Problem requirements → All records are to be transcribed in full; any pictures among them are to be skipped.

Exercise data →

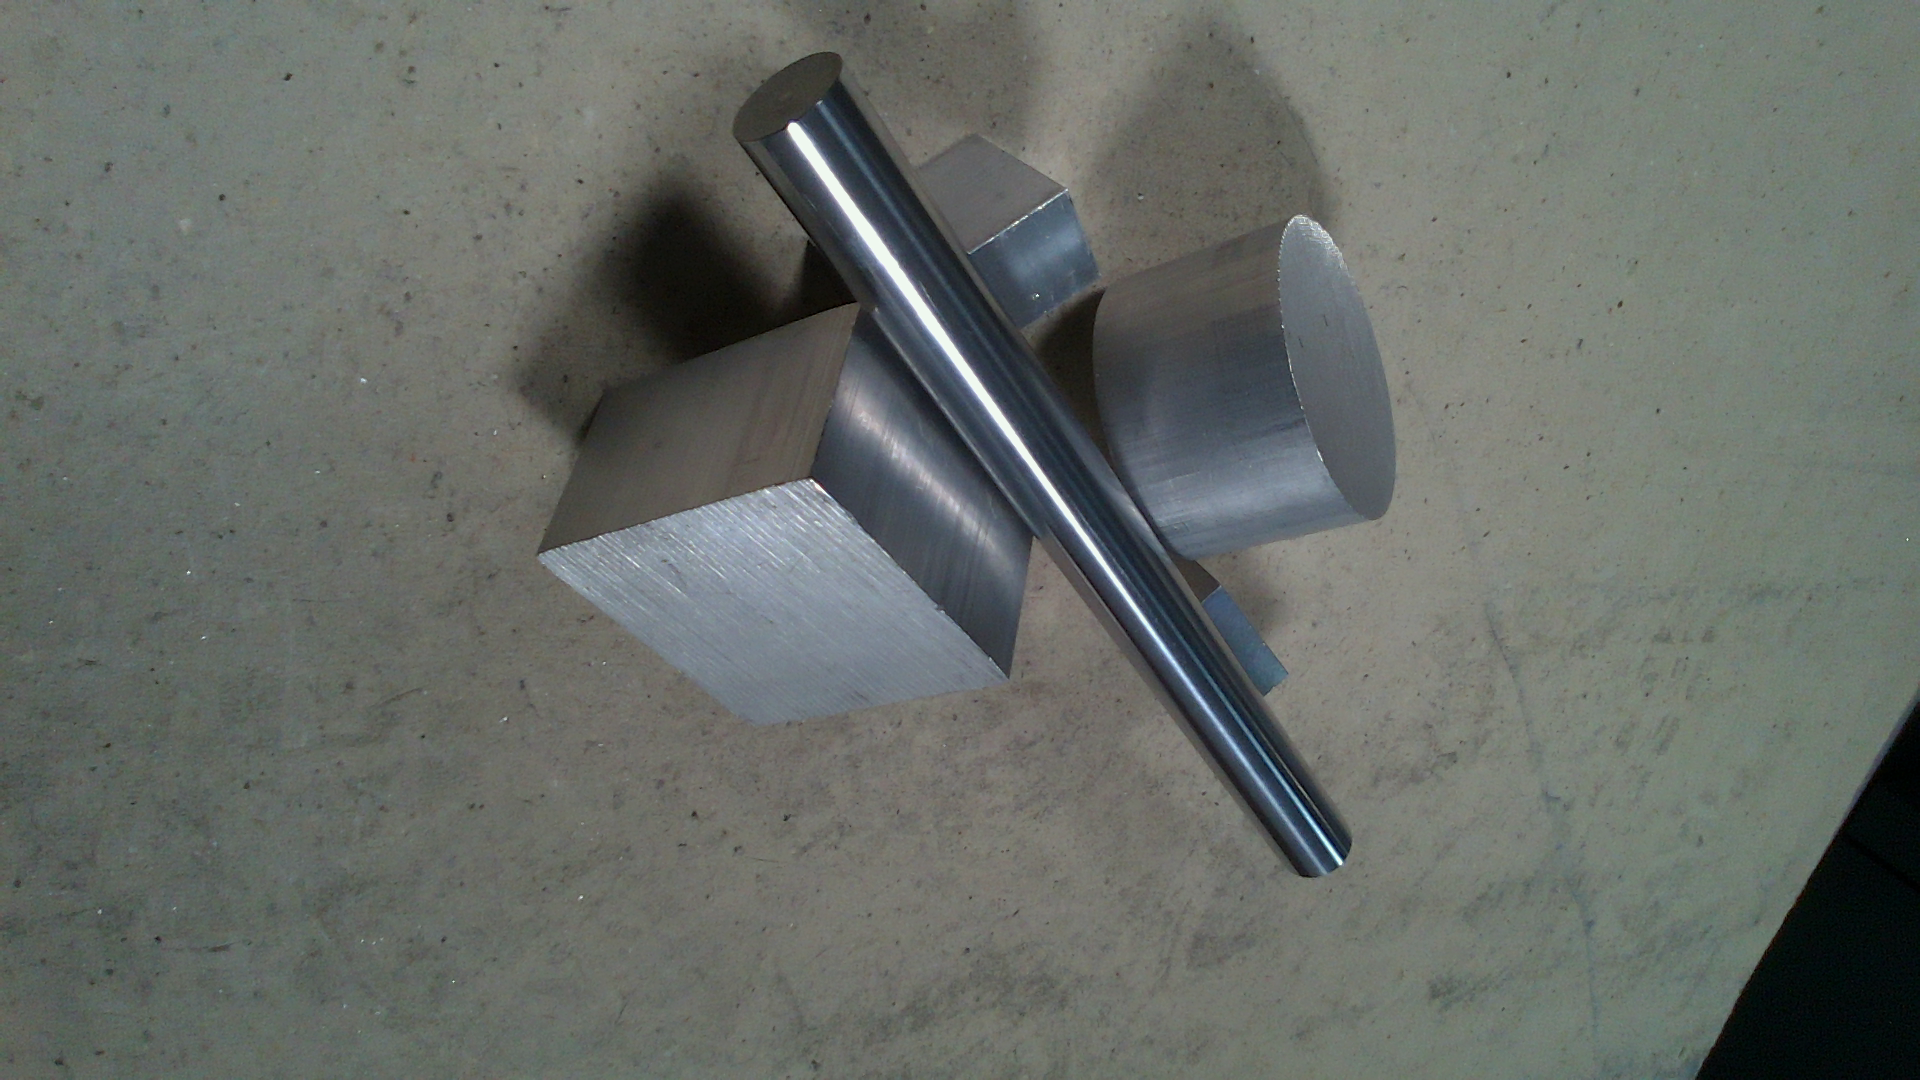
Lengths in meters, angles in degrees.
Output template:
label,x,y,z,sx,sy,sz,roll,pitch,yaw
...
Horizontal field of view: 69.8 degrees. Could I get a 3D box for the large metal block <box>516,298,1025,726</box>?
label,x,y,z,sx,sy,sz,roll,pitch,yaw
large metal block,-0.041,-0.002,0.327,0.080,0.050,0.080,-13,138,31

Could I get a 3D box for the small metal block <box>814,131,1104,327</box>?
label,x,y,z,sx,sy,sz,roll,pitch,yaw
small metal block,-0.002,-0.068,0.331,0.050,0.050,0.025,-34,129,-6

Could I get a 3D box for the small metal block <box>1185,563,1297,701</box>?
label,x,y,z,sx,sy,sz,roll,pitch,yaw
small metal block,0.070,0.025,0.422,0.025,0.050,0.050,-42,129,1

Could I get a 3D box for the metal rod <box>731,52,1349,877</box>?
label,x,y,z,sx,sy,sz,roll,pitch,yaw
metal rod,0.041,0.008,0.352,0.025,0.025,0.301,-40,129,-1

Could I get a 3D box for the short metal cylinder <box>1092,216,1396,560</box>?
label,x,y,z,sx,sy,sz,roll,pitch,yaw
short metal cylinder,0.077,-0.039,0.364,0.050,0.080,0.080,-14,138,32
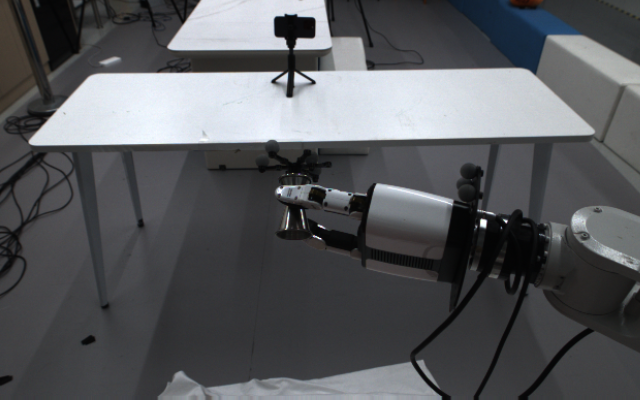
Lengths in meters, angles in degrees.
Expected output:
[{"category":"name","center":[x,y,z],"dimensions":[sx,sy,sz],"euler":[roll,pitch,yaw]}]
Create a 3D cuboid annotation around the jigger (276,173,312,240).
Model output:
[{"category":"jigger","center":[-0.029,0.006,0.559],"dimensions":[0.043,0.043,0.071],"euler":[0,70,-2]}]
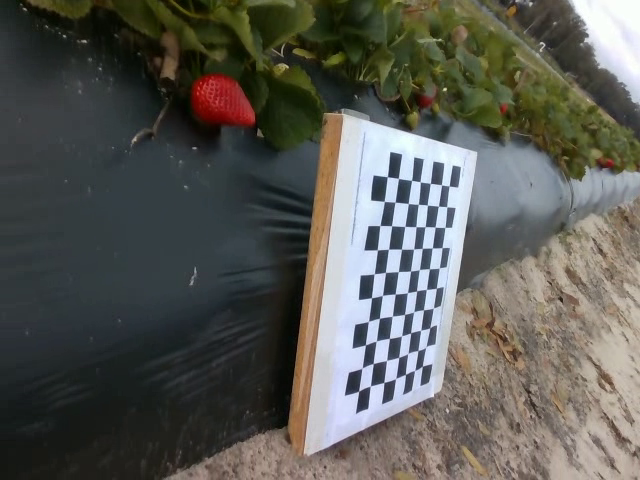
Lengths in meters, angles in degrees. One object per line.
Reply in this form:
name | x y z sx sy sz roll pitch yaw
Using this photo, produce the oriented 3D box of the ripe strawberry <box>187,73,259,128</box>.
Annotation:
ripe strawberry | -0.054 -0.081 0.352 0.046 0.037 0.037 38 -27 5
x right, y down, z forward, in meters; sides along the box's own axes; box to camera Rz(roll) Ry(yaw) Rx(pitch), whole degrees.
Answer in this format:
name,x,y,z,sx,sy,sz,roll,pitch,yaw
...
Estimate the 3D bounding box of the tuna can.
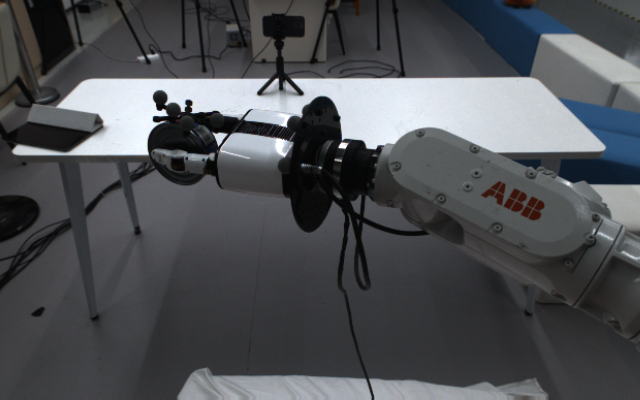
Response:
name,x,y,z,sx,sy,sz,roll,pitch,yaw
tuna can,-0.173,-0.063,0.622,0.085,0.085,0.034,13,30,15
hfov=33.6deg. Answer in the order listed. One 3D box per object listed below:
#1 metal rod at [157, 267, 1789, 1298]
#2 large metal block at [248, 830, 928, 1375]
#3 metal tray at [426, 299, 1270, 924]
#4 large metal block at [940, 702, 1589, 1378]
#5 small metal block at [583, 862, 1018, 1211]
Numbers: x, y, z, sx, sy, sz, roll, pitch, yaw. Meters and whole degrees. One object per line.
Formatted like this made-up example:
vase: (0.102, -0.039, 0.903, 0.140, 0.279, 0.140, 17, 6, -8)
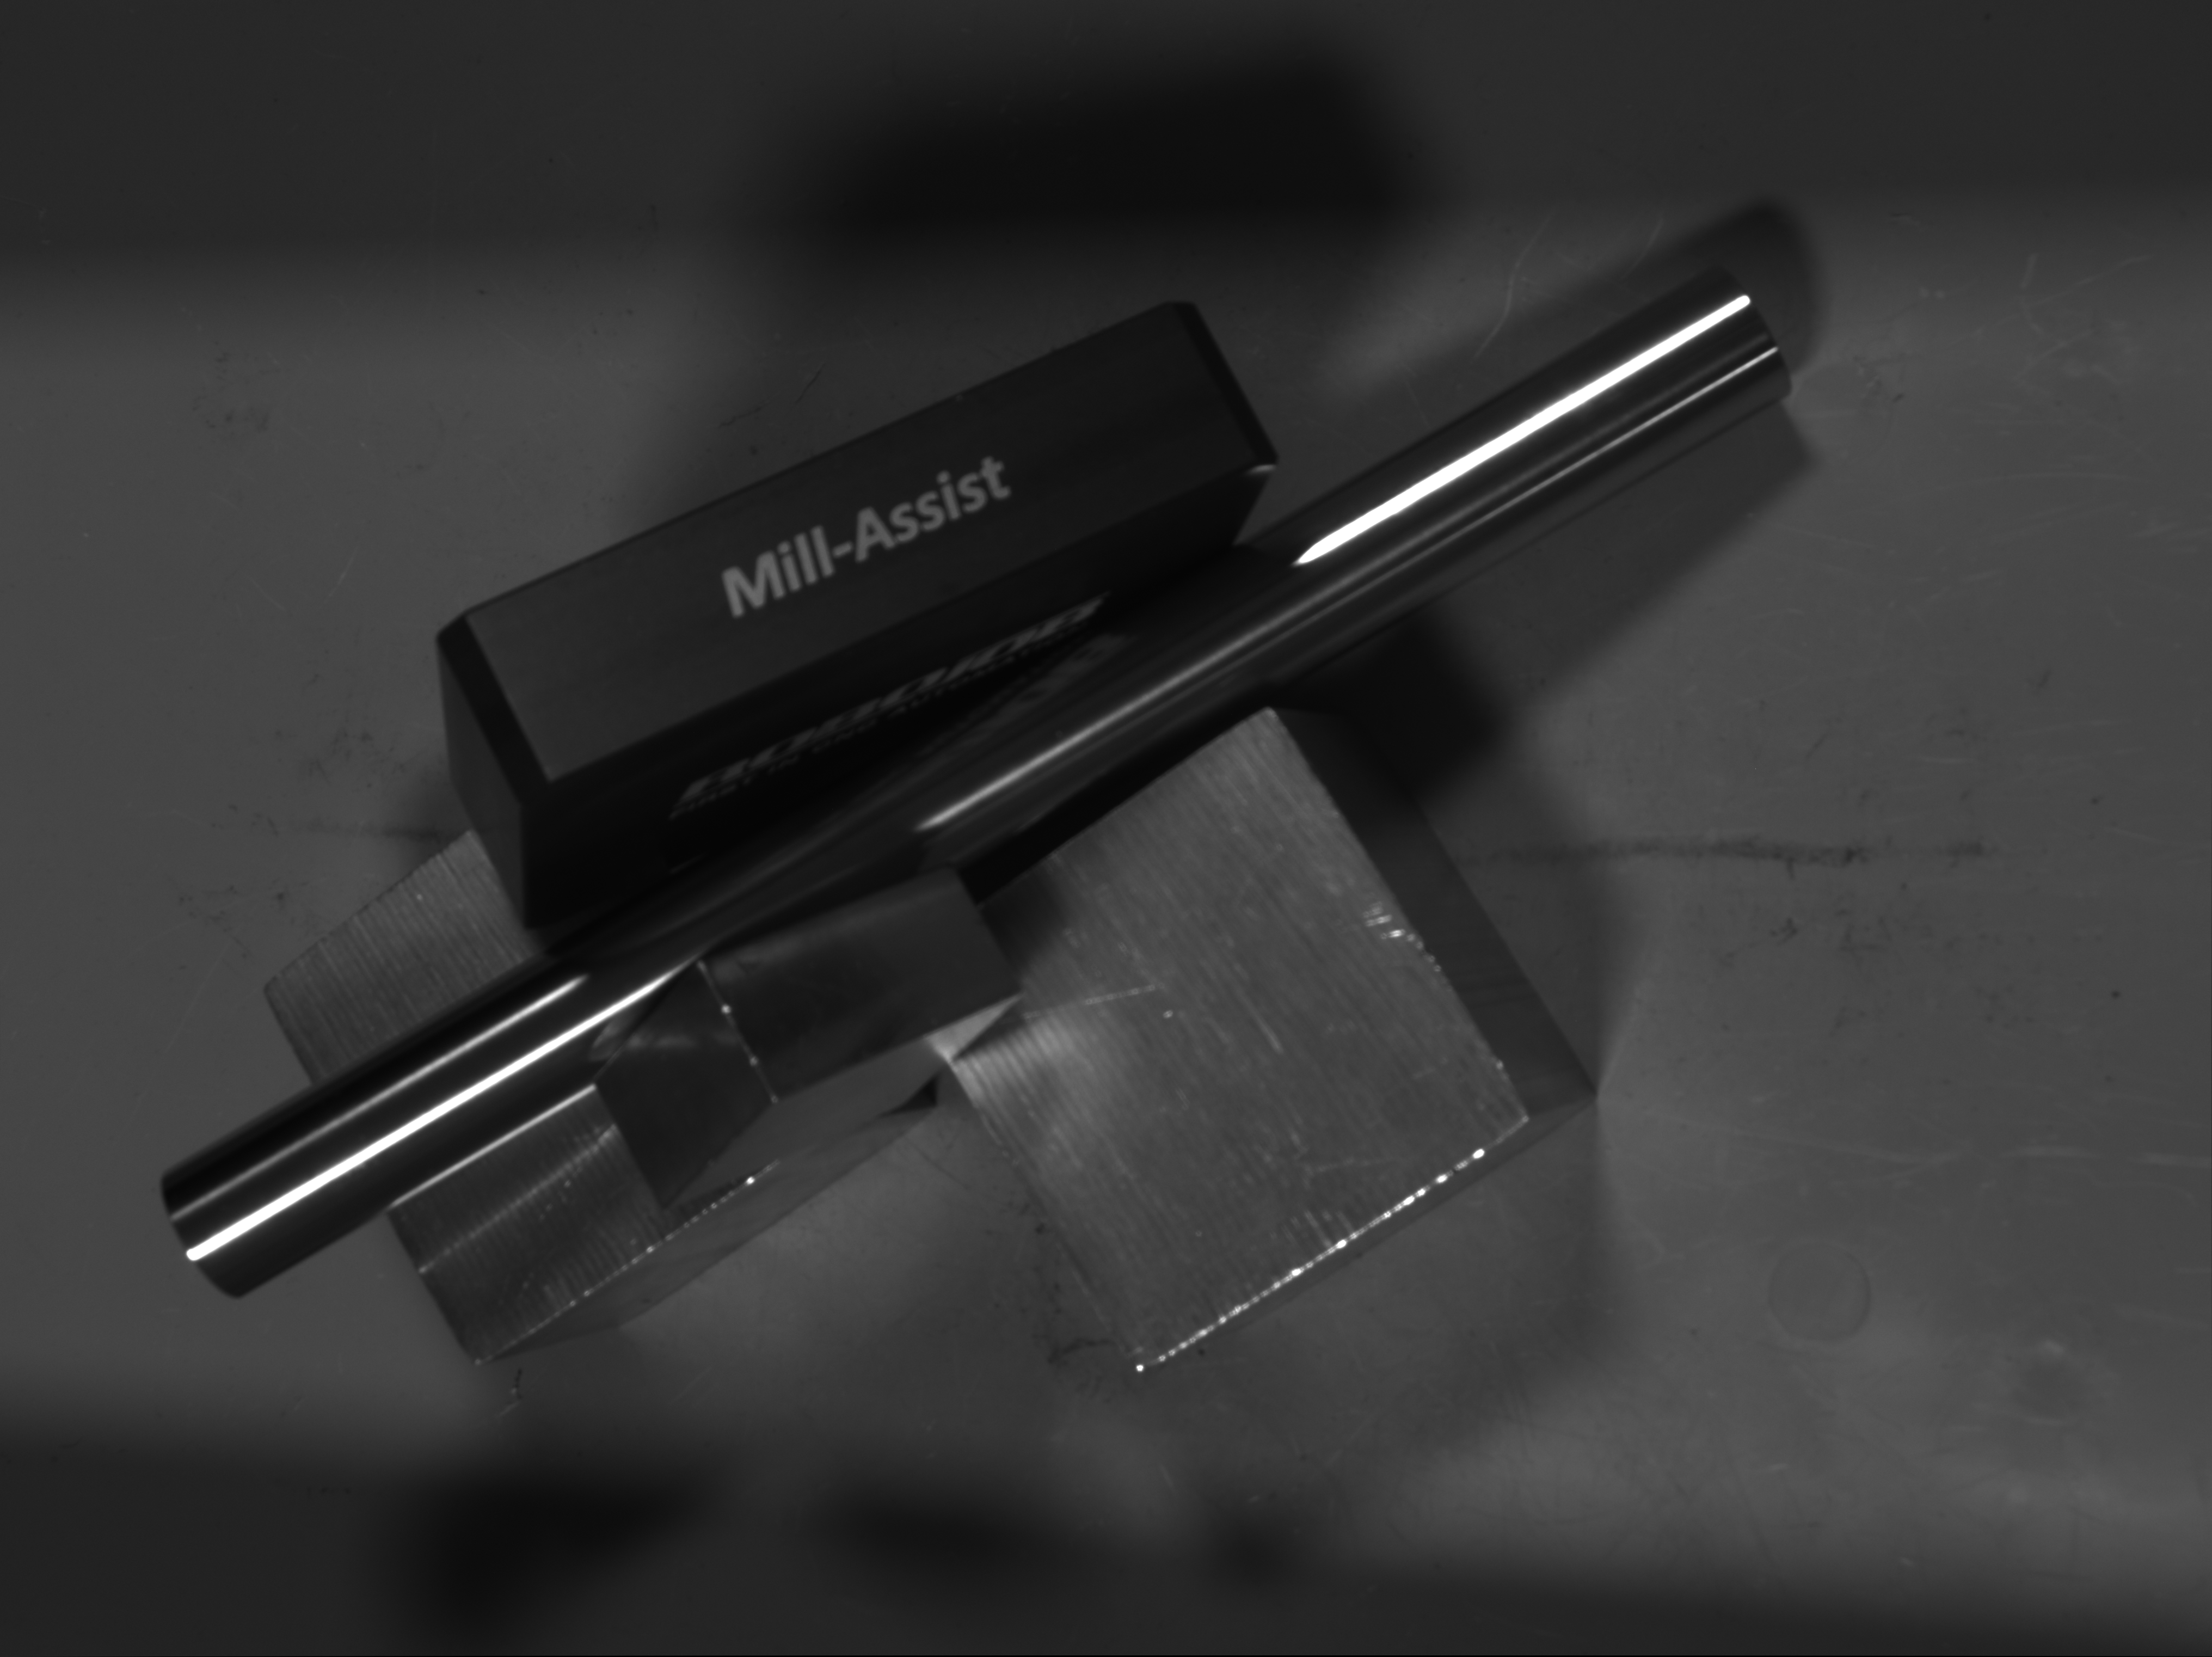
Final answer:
metal rod: (-0.023, -0.007, 0.612, 0.300, 0.025, 0.025, -30, 80, 2)
large metal block: (-0.093, 0.040, 0.661, 0.080, 0.050, 0.080, -35, 79, 16)
metal tray: (-0.044, -0.034, 0.596, 0.130, 0.090, 0.030, -26, 81, -15)
large metal block: (0.023, 0.035, 0.622, 0.080, 0.050, 0.080, -35, 79, 16)
small metal block: (-0.050, 0.034, 0.596, 0.025, 0.050, 0.050, 61, 144, 10)

Finished task →
Lengths in meters, angles in degrees.
Output template:
label,x,y,z,sx,sy,sz,roll,pitch,yaw
...
Horizontal field of view: 69.8 degrees. Could I get a 3D box for the large metal block <box>516,298,1025,726</box>?
label,x,y,z,sx,sy,sz,roll,pitch,yaw
large metal block,-0.041,-0.002,0.327,0.080,0.050,0.080,-13,138,31

Could I get a 3D box for the small metal block <box>814,131,1104,327</box>?
label,x,y,z,sx,sy,sz,roll,pitch,yaw
small metal block,-0.002,-0.068,0.331,0.050,0.050,0.025,-34,129,-6

Could I get a 3D box for the small metal block <box>1185,563,1297,701</box>?
label,x,y,z,sx,sy,sz,roll,pitch,yaw
small metal block,0.070,0.025,0.422,0.025,0.050,0.050,-42,129,1

Could I get a 3D box for the metal rod <box>731,52,1349,877</box>?
label,x,y,z,sx,sy,sz,roll,pitch,yaw
metal rod,0.041,0.008,0.352,0.025,0.025,0.301,-40,129,-1

Could I get a 3D box for the short metal cylinder <box>1092,216,1396,560</box>?
label,x,y,z,sx,sy,sz,roll,pitch,yaw
short metal cylinder,0.077,-0.039,0.364,0.050,0.080,0.080,-14,138,32
Lengths in meters, angles in degrees.
Expected output:
[{"category":"name","center":[x,y,z],"dimensions":[sx,sy,sz],"euler":[roll,pitch,yaw]}]
Create a 3D cuboid annotation around the jigger (276,173,312,240).
Model output:
[{"category":"jigger","center":[-0.029,0.006,0.559],"dimensions":[0.043,0.043,0.071],"euler":[0,70,-2]}]
Lengths in meters, angles in degrees. One object per line.
Reply in this form:
name | x y z sx sy sz roll pitch yaw
Using this photo, produce the oriented 3D box of the ripe strawberry <box>187,73,259,128</box>.
Annotation:
ripe strawberry | -0.054 -0.081 0.352 0.046 0.037 0.037 38 -27 5
x right, y down, z forward, in meters; sides along the box's own axes; box to camera Rz(roll) Ry(yaw) Rx(pitch), whole degrees.
Answer in this format:
name,x,y,z,sx,sy,sz,roll,pitch,yaw
...
Estimate the 3D bounding box of the tuna can.
Response:
name,x,y,z,sx,sy,sz,roll,pitch,yaw
tuna can,-0.173,-0.063,0.622,0.085,0.085,0.034,13,30,15
hfov=33.6deg. Answer in the order listed. One 3D box per object listed below:
#1 metal rod at [157, 267, 1789, 1298]
#2 large metal block at [248, 830, 928, 1375]
#3 metal tray at [426, 299, 1270, 924]
#4 large metal block at [940, 702, 1589, 1378]
#5 small metal block at [583, 862, 1018, 1211]
Numbers: x, y, z, sx, sy, sz, roll, pitch, yaw. Meters and whole degrees. One object per line.
Formatted like this made-up example:
vase: (0.102, -0.039, 0.903, 0.140, 0.279, 0.140, 17, 6, -8)
Final answer:
metal rod: (-0.023, -0.007, 0.612, 0.300, 0.025, 0.025, -30, 80, 2)
large metal block: (-0.093, 0.040, 0.661, 0.080, 0.050, 0.080, -35, 79, 16)
metal tray: (-0.044, -0.034, 0.596, 0.130, 0.090, 0.030, -26, 81, -15)
large metal block: (0.023, 0.035, 0.622, 0.080, 0.050, 0.080, -35, 79, 16)
small metal block: (-0.050, 0.034, 0.596, 0.025, 0.050, 0.050, 61, 144, 10)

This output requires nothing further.